If Nessa Barrett is a name that sounds familiar to you, it’s probably not a coincidence.
With over 10 million followers and 406 million likes on TikTok and 5.8 million followers on Instagram, it’s safe to say this young rising star has established herself as an online personality. But, that’s not all she has to offer to the world. Just over a year ago, Barrett signed a major deal with Warner Records and kickstarted her music career with the piano-ballad “Pain.” While many might roll their eyes over Barrett being another TikTok sensation who sings, the New Jersey-born star always had dreams of being a musician before she gained a large following. Barrett’s sound is dark, edgy, moody, and emotional, sounding reminiscent of the early 2000s.
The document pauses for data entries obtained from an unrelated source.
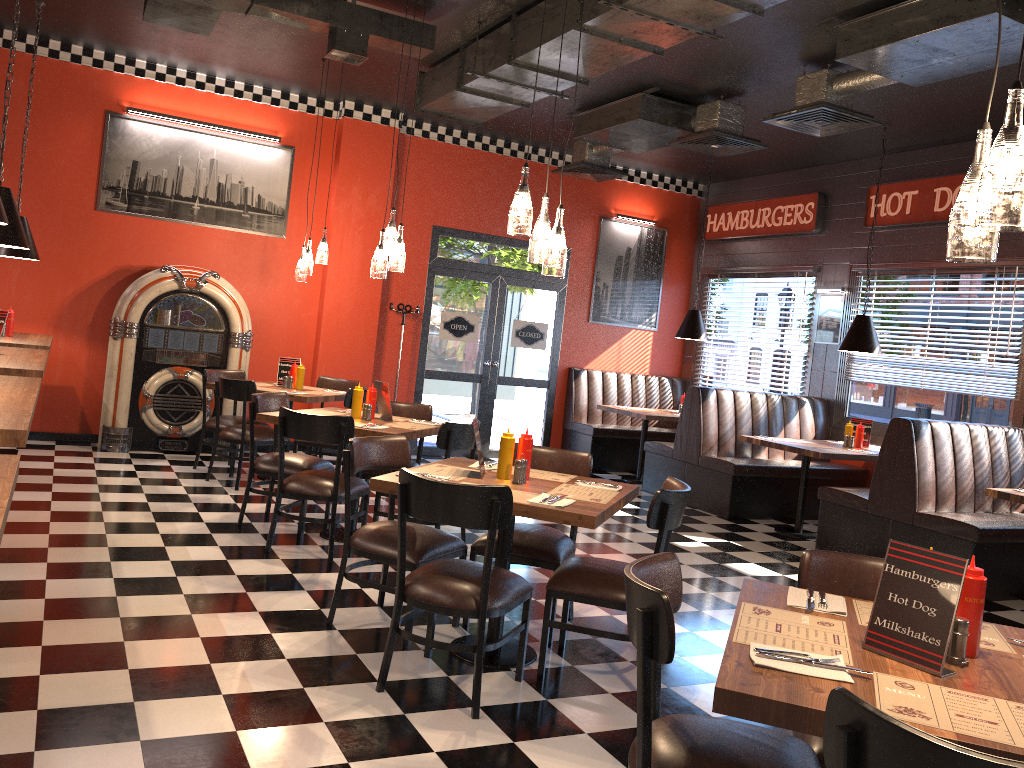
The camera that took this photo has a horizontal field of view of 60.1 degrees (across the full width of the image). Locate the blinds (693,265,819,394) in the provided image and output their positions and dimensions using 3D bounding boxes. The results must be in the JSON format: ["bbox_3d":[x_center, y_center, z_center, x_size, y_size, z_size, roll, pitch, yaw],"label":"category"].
[{"bbox_3d":[2.782,-0.553,10.402,0.099,1.634,1.874,6,2,-27],"label":"blinds"}]

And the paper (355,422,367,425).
[{"bbox_3d":[-1.075,0.240,5.553,0.366,0.001,0.261,7,3,19],"label":"paper"}]

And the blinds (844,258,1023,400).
[{"bbox_3d":[3.882,-0.540,8.266,0.100,1.205,1.874,6,2,-27],"label":"blinds"}]

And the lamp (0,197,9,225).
[{"bbox_3d":[-1.888,-1.610,3.130,0.382,2.043,0.381,6,0,14],"label":"lamp"}]

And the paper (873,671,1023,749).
[{"bbox_3d":[0.912,0.651,1.747,0.366,0.001,0.261,7,3,20],"label":"paper"}]

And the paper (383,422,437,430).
[{"bbox_3d":[-0.671,0.272,5.777,0.261,0.001,0.365,7,3,17],"label":"paper"}]

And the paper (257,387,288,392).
[{"bbox_3d":[-2.017,0.046,7.329,0.366,0.001,0.261,7,3,18],"label":"paper"}]

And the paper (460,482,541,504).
[{"bbox_3d":[-0.073,0.446,3.645,0.366,0.001,0.261,7,3,17],"label":"paper"}]

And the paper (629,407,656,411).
[{"bbox_3d":[1.450,0.282,10.131,0.365,0.001,0.262,5,3,-27],"label":"paper"}]

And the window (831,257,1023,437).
[{"bbox_3d":[3.917,-0.302,8.315,0.127,1.713,2.032,6,2,-27],"label":"window"}]

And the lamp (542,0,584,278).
[{"bbox_3d":[0.290,-1.456,3.951,0.108,1.965,0.108,6,0,-15],"label":"lamp"}]

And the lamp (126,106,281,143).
[{"bbox_3d":[-2.995,-2.529,8.673,1.441,0.056,0.081,5,3,-27],"label":"lamp"}]

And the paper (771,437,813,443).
[{"bbox_3d":[2.530,0.508,8.004,0.365,0.001,0.262,5,3,-25],"label":"paper"}]

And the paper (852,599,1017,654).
[{"bbox_3d":[1.109,0.641,2.358,0.366,0.001,0.261,7,3,17],"label":"paper"}]

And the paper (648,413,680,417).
[{"bbox_3d":[1.641,0.334,9.523,0.364,0.001,0.262,5,3,-30],"label":"paper"}]

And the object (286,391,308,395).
[{"bbox_3d":[-1.777,0.067,7.275,0.158,0.019,0.255,7,3,21],"label":"object"}]

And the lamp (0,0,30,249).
[{"bbox_3d":[-2.873,-1.817,5.084,0.382,2.043,0.381,6,0,14],"label":"lamp"}]

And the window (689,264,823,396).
[{"bbox_3d":[2.844,-0.528,10.445,0.127,1.713,2.032,6,2,-27],"label":"window"}]

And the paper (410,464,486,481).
[{"bbox_3d":[-0.299,0.401,4.049,0.261,0.001,0.365,7,3,19],"label":"paper"}]

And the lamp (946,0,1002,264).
[{"bbox_3d":[1.174,-1.263,2.058,0.108,1.965,0.108,6,0,20],"label":"lamp"}]

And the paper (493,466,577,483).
[{"bbox_3d":[0.112,0.434,4.288,0.366,0.001,0.261,7,3,16],"label":"paper"}]

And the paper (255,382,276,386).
[{"bbox_3d":[-2.236,0.002,7.736,0.261,0.001,0.365,7,3,20],"label":"paper"}]

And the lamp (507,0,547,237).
[{"bbox_3d":[0.136,-1.646,3.976,0.109,1.965,0.108,6,0,35],"label":"lamp"}]

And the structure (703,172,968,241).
[{"bbox_3d":[5.001,-1.496,6.196,0.119,0.438,11.294,6,3,-27],"label":"structure"}]

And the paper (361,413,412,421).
[{"bbox_3d":[-0.890,0.229,6.167,0.366,0.001,0.261,7,3,16],"label":"paper"}]

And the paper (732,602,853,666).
[{"bbox_3d":[0.686,0.604,2.167,0.261,0.001,0.365,7,3,18],"label":"paper"}]

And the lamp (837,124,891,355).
[{"bbox_3d":[3.214,-1.296,7.899,0.383,2.043,0.381,7,1,44],"label":"lamp"}]

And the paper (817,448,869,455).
[{"bbox_3d":[2.766,0.565,7.402,0.365,0.001,0.262,5,3,-25],"label":"paper"}]

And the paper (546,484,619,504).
[{"bbox_3d":[0.312,0.477,3.868,0.261,0.001,0.365,7,3,16],"label":"paper"}]

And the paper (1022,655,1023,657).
[{"bbox_3d":[1.320,0.684,1.964,0.261,0.001,0.365,7,3,18],"label":"paper"}]

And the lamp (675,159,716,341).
[{"bbox_3d":[2.143,-1.521,10.024,0.382,2.043,0.381,6,0,22],"label":"lamp"}]

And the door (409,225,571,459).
[{"bbox_3d":[-0.221,-0.421,10.242,1.797,2.571,0.128,6,1,-27],"label":"door"}]

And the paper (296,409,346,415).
[{"bbox_3d":[-1.309,0.193,5.969,0.261,0.001,0.365,7,3,17],"label":"paper"}]

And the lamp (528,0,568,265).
[{"bbox_3d":[0.229,-1.527,4.053,0.108,1.965,0.108,6,0,15],"label":"lamp"}]

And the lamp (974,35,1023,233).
[{"bbox_3d":[1.177,-1.316,1.934,0.108,1.965,0.109,6,0,-40],"label":"lamp"}]

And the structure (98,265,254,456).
[{"bbox_3d":[-3.170,-0.245,8.455,1.292,1.767,0.501,6,1,-27],"label":"structure"}]

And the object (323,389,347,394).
[{"bbox_3d":[-1.554,0.065,7.786,0.255,0.019,0.157,7,3,18],"label":"object"}]

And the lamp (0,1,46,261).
[{"bbox_3d":[-3.880,-2.029,7.082,0.382,2.043,0.381,6,0,14],"label":"lamp"}]

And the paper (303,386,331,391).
[{"bbox_3d":[-1.820,0.035,7.968,0.366,0.001,0.261,7,3,17],"label":"paper"}]

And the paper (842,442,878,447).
[{"bbox_3d":[3.261,0.570,8.361,0.364,0.001,0.262,5,3,-29],"label":"paper"}]

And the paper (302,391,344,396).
[{"bbox_3d":[-1.627,0.078,7.545,0.261,0.001,0.365,7,3,17],"label":"paper"}]

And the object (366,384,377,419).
[{"bbox_3d":[-0.944,0.115,5.937,0.068,0.238,0.068,6,1,-22],"label":"object"}]
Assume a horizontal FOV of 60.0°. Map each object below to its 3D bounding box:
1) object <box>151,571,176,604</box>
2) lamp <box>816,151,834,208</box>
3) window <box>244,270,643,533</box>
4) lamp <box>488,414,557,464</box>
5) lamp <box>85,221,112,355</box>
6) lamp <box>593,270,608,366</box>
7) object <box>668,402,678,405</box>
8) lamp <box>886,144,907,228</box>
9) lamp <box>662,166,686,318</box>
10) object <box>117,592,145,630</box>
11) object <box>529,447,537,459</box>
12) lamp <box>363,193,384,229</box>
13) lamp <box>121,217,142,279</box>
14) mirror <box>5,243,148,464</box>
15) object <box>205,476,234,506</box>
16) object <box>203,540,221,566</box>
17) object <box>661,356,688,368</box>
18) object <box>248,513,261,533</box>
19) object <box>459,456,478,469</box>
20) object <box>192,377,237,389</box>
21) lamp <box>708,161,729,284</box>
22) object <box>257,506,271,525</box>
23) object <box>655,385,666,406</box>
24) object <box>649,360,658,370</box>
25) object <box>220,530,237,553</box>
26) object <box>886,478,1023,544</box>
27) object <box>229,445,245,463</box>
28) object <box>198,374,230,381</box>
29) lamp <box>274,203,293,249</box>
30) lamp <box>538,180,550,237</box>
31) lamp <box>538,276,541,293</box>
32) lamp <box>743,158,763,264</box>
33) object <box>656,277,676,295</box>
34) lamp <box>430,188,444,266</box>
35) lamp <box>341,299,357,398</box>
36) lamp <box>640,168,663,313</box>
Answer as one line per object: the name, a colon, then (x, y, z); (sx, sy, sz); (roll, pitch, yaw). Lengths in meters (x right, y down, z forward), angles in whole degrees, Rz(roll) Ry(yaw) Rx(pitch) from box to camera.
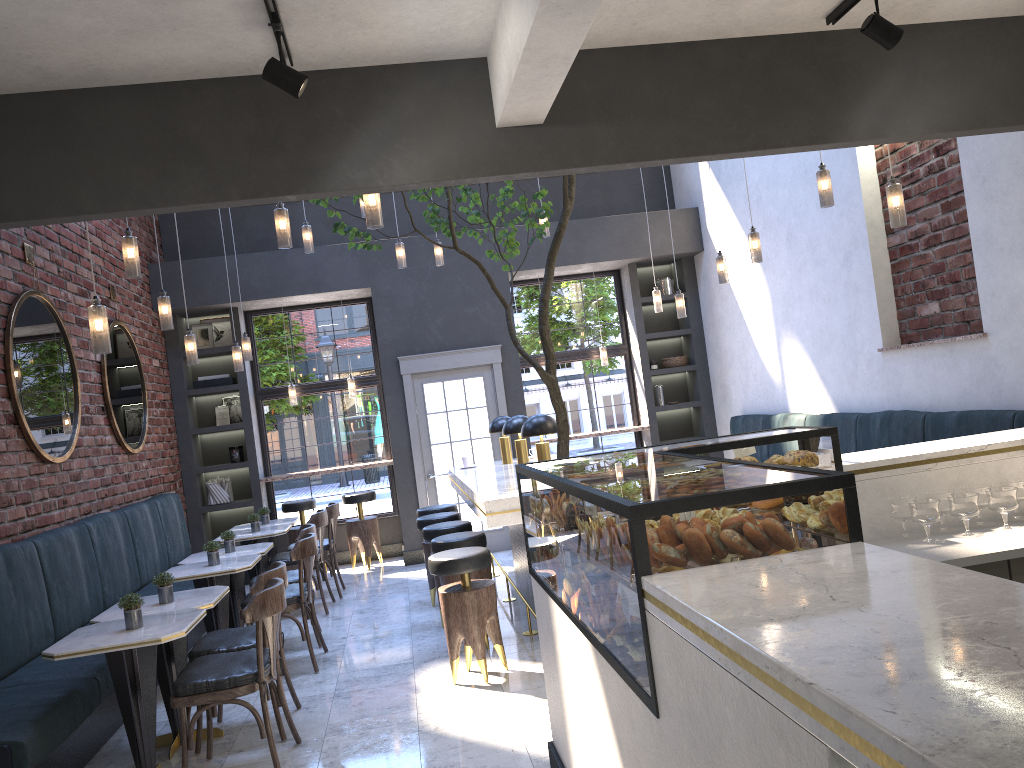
object: (-1.833, 1.072, 4.679); (0.118, 0.165, 0.123); (-7, -1, -30)
lamp: (1.635, -3.103, 5.375); (0.078, 4.104, 0.078); (-7, -1, -23)
window: (-0.110, -1.481, 4.292); (6.404, 5.363, 12.714); (-7, -1, -8)
lamp: (-0.271, -1.036, 3.017); (4.181, 3.256, 8.840); (-7, -1, -24)
lamp: (-2.141, -2.174, 4.091); (0.078, 4.104, 0.078); (-7, -1, -23)
lamp: (0.996, -0.922, 10.376); (0.078, 1.429, 0.078); (-8, -1, 22)
object: (1.886, 0.227, 10.377); (0.130, 0.026, 0.130); (-7, -2, -25)
lamp: (1.762, -2.860, 4.678); (0.078, 4.104, 0.078); (-7, -1, -23)
lamp: (1.305, -2.647, 8.222); (0.078, 4.104, 0.078); (-7, -1, -23)
object: (-1.757, 1.048, 4.102); (0.118, 0.165, 0.123); (-7, -1, -30)
object: (0.196, 0.622, 8.016); (0.175, 0.097, 0.301); (-7, -1, -17)
lamp: (-0.920, -2.783, 4.271); (0.078, 4.104, 0.078); (-8, -1, 22)
lamp: (-2.290, -2.604, 4.777); (0.078, 4.104, 0.078); (-7, -1, -23)
mirror: (-3.204, -0.207, 6.082); (0.036, 1.510, 4.775); (-7, -1, -8)
object: (-3.218, 1.156, 9.748); (0.250, 0.323, 0.241); (-7, -1, -8)
object: (-1.994, 1.124, 5.907); (0.118, 0.165, 0.123); (-7, -1, -30)
object: (1.927, -0.256, 10.496); (0.305, 0.123, 0.305); (-8, -1, 13)
object: (-2.225, 1.198, 7.670); (0.118, 0.165, 0.123); (-7, -1, -30)
object: (-0.395, 0.696, 7.904); (0.176, 0.098, 0.204); (-7, -1, -2)
object: (-3.273, -0.005, 9.772); (0.412, 0.084, 0.287); (-7, -1, -8)
lamp: (1.431, -2.838, 7.124); (0.078, 4.104, 0.078); (-8, -1, 45)
object: (-2.301, 1.223, 8.247); (0.118, 0.165, 0.123); (-7, -1, -30)
object: (1.735, 0.135, 10.388); (0.098, 0.248, 0.098); (-8, -1, 32)
object: (1.659, -0.220, 10.435); (0.116, 0.119, 0.117); (-7, -1, -31)
object: (-2.070, 1.148, 6.484); (0.118, 0.165, 0.123); (-7, -1, -30)
object: (1.725, 0.472, 3.325); (0.575, 0.147, 0.256); (-7, -1, -8)
object: (-3.033, 0.775, 9.770); (0.152, 0.181, 0.152); (-8, -1, 30)
object: (-3.287, -0.065, 9.784); (0.327, 0.039, 0.227); (-7, -1, -18)
lamp: (-1.552, -2.809, 5.063); (0.078, 4.104, 0.078); (-8, -1, 22)
lamp: (0.040, -3.380, 8.122); (0.078, 4.104, 0.078); (-7, -1, -23)
lamp: (0.351, -0.840, 10.288); (0.078, 1.429, 0.078); (-8, -1, 45)
lamp: (1.512, -2.914, 6.458); (0.078, 4.104, 0.078); (-8, -1, 45)
object: (1.830, -1.146, 10.526); (0.214, 0.215, 0.213); (-7, -1, 2)
lamp: (-0.956, -3.176, 8.563); (0.078, 4.104, 0.078); (-7, -1, -23)
lamp: (-1.878, -0.556, 9.987); (0.078, 1.429, 0.078); (-8, -1, 45)
lamp: (1.202, -2.752, 8.883); (0.078, 4.104, 0.078); (-7, -1, -23)
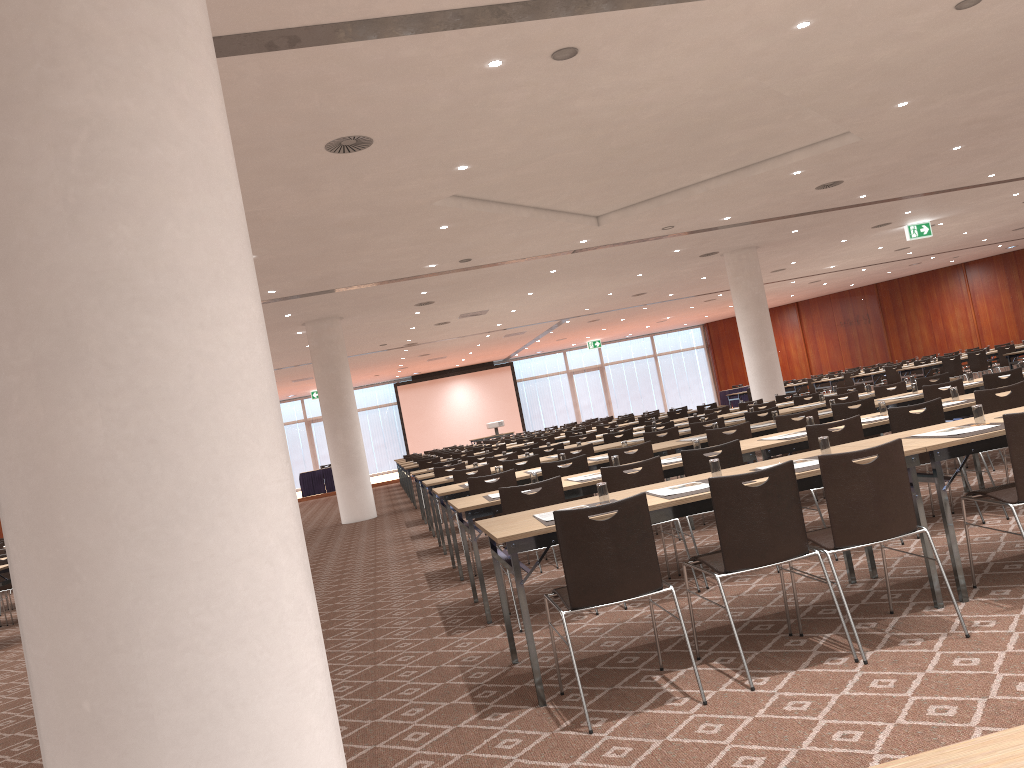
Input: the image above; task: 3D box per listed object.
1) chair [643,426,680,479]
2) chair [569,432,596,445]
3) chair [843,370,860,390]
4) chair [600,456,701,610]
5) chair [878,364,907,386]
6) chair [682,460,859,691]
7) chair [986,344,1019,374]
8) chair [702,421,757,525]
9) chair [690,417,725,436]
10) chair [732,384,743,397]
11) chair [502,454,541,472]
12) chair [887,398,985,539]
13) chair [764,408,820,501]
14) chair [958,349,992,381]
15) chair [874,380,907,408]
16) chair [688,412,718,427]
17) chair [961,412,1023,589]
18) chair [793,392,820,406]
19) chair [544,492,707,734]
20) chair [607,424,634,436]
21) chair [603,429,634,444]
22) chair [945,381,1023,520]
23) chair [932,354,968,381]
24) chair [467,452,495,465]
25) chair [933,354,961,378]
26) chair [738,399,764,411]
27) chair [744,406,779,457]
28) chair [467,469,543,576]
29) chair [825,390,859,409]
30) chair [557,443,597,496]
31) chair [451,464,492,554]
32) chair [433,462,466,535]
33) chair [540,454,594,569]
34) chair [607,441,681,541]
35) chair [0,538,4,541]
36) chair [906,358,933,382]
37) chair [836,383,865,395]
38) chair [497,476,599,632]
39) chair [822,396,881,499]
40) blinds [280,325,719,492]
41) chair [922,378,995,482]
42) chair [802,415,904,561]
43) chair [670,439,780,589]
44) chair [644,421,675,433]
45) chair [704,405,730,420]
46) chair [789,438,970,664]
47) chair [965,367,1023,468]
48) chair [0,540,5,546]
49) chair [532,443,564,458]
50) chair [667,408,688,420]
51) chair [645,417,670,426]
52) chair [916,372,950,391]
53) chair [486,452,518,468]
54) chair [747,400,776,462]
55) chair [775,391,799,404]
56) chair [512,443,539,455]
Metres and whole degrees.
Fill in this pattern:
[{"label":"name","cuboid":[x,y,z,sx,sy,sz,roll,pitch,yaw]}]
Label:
[{"label":"chair","cuboid":[1.776,1.000,10.431,0.535,0.939,0.614,-11,-2,-12]},{"label":"chair","cuboid":[1.189,1.273,14.346,0.535,0.939,0.614,-11,-2,-7]},{"label":"chair","cuboid":[8.899,0.155,23.297,0.535,0.939,0.614,-11,-2,-10]},{"label":"chair","cuboid":[0.868,1.002,6.200,0.535,0.939,0.614,-11,-2,-10]},{"label":"chair","cuboid":[9.158,0.024,21.317,0.535,0.939,0.614,-11,-2,-8]},{"label":"chair","cuboid":[1.164,0.866,4.261,0.535,0.939,0.614,-11,-2,-12]},{"label":"chair","cuboid":[10.789,-0.367,19.420,0.535,0.939,0.614,-11,-2,-10]},{"label":"chair","cuboid":[2.089,0.859,8.459,0.535,0.939,0.614,-11,-2,-7]},{"label":"chair","cuboid":[2.343,0.896,10.567,0.535,0.939,0.614,-11,-2,-11]},{"label":"chair","cuboid":[8.732,0.484,33.764,0.535,0.939,0.614,-11,-2,-9]},{"label":"chair","cuboid":[0.152,1.300,10.129,0.535,0.939,0.614,-11,-2,-10]},{"label":"chair","cuboid":[3.005,0.609,6.630,0.535,0.939,0.614,-11,-2,-8]},{"label":"chair","cuboid":[2.750,0.735,8.533,0.535,0.939,0.614,-11,-2,-9]},{"label":"chair","cuboid":[10.141,-0.243,19.395,0.535,0.939,0.614,-11,-2,-8]},{"label":"chair","cuboid":[4.655,0.467,10.948,0.535,0.939,0.614,-11,-2,-11]},{"label":"chair","cuboid":[2.741,0.903,12.613,0.535,0.939,0.614,-11,-2,-8]},{"label":"chair","cuboid":[2.707,0.581,4.557,0.535,0.939,0.614,-11,-2,-7]},{"label":"chair","cuboid":[4.269,0.618,12.829,0.535,0.939,0.614,-11,-2,-12]},{"label":"chair","cuboid":[0.454,0.996,4.109,0.535,0.939,0.614,-11,-2,-9]},{"label":"chair","cuboid":[1.801,1.160,14.482,0.535,0.939,0.614,-11,-2,-10]},{"label":"chair","cuboid":[1.520,1.132,12.455,0.535,0.939,0.614,-11,-2,-12]},{"label":"chair","cuboid":[3.660,0.485,6.695,0.535,0.939,0.614,-11,-2,-10]},{"label":"chair","cuboid":[9.495,-0.127,19.207,0.535,0.939,0.614,-11,-2,-7]},{"label":"chair","cuboid":[-0.441,1.575,14.078,0.535,0.939,0.614,-11,-2,-11]},{"label":"chair","cuboid":[10.475,-0.223,21.474,0.535,0.939,0.614,-11,-2,-10]},{"label":"chair","cuboid":[4.015,0.749,14.846,0.535,0.939,0.614,-11,-2,-10]},{"label":"chair","cuboid":[2.995,0.772,10.597,0.535,0.939,0.614,-11,-2,-10]},{"label":"chair","cuboid":[-0.127,1.269,8.059,0.535,0.939,0.614,-11,-2,-10]},{"label":"chair","cuboid":[4.016,0.584,10.800,0.535,0.939,0.614,-11,-2,-10]},{"label":"chair","cuboid":[0.774,1.188,10.309,0.535,0.939,0.614,-11,-2,-12]},{"label":"chair","cuboid":[-0.406,1.405,10.072,0.535,0.939,0.614,-10,-2,-12]},{"label":"chair","cuboid":[-0.783,1.559,12.076,0.535,0.939,0.614,-11,-2,-9]},{"label":"chair","cuboid":[0.532,1.148,8.203,0.535,0.939,0.614,-11,-2,-8]},{"label":"chair","cuboid":[1.140,1.037,8.346,0.535,0.939,0.614,-11,-2,-12]},{"label":"chair","cuboid":[-11.213,3.888,19.986,0.535,0.939,0.614,-11,-2,-8]},{"label":"chair","cuboid":[9.838,-0.108,21.286,0.535,0.939,0.614,-11,-2,-7]},{"label":"chair","cuboid":[4.953,0.493,12.977,0.535,0.939,0.614,-11,-2,-9]},{"label":"chair","cuboid":[0.186,1.130,6.123,0.535,0.939,0.614,-11,-2,-8]},{"label":"chair","cuboid":[3.339,0.627,8.665,0.535,0.939,0.614,-11,-2,-6]},{"label":"blinds","cuboid":[-2.132,1.283,38.053,22.845,3.815,0.115,-11,-2,-9]},{"label":"chair","cuboid":[4.295,0.452,8.865,0.535,0.939,0.614,-11,-2,-8]},{"label":"chair","cuboid":[2.335,0.730,6.441,0.535,0.939,0.614,-11,-2,-12]},{"label":"chair","cuboid":[1.447,0.896,6.330,0.535,0.939,0.614,-11,-2,-8]},{"label":"chair","cuboid":[2.106,1.020,12.474,0.535,0.939,0.614,-11,-2,-9]},{"label":"chair","cuboid":[3.421,0.858,14.713,0.535,0.939,0.614,-11,-2,-10]},{"label":"chair","cuboid":[1.696,0.766,4.313,0.535,0.939,0.614,-11,-2,-10]},{"label":"chair","cuboid":[4.891,0.338,8.885,0.535,0.939,0.614,-11,-2,-9]},{"label":"chair","cuboid":[-10.225,3.616,17.984,0.535,0.939,0.614,-11,-2,-6]},{"label":"chair","cuboid":[0.557,1.307,12.219,0.535,0.939,0.614,-11,-2,-7]},{"label":"chair","cuboid":[3.424,1.002,18.254,0.535,0.939,0.614,-11,-2,-11]},{"label":"chair","cuboid":[2.423,1.047,14.627,0.535,0.939,0.614,-10,-2,-12]},{"label":"chair","cuboid":[5.208,0.363,10.996,0.535,0.939,0.614,-11,-2,-7]},{"label":"chair","cuboid":[-0.082,1.427,12.148,0.535,0.939,0.614,-11,-2,-11]},{"label":"chair","cuboid":[3.618,0.742,12.800,0.535,0.939,0.614,-11,-2,-8]},{"label":"chair","cuboid":[4.634,0.633,14.913,0.535,0.939,0.614,-11,-2,-12]},{"label":"chair","cuboid":[0.276,1.445,14.273,0.535,0.939,0.614,-11,-2,-8]}]

One of her most notable songs, “La Di Die,” features fellow TikTok star Jxdn and has already racked up an impressive 67 million streams in less than a year.
After a string of single releases, Barrett announced she would be releasing her debut EP, “pretty poison,” and kicked the era off with the sulky punk anthem “I Hope Ur Miserable Until Ur Dead.” Getting things off to a good start, the song became her first entry on the US Billboard 200 and has made noise on the UK and Ireland charts.
Ahead of the release of the project, 1883 spoke to Nessa Barrett about her creative process for “Pretty Poison,” transitioning from a TikTok star to a musician, and what fans can expect next.
“Pretty Poison” is your debut EP after releasing your debut single back in 2020. How long has this EP been in the works?
I had a writing camp in the spring of this year to write specifically about my life in LA which turned into “Pretty Poison.” It feels like we’ve been working on it forever and I’m so excited it’s finally coming out.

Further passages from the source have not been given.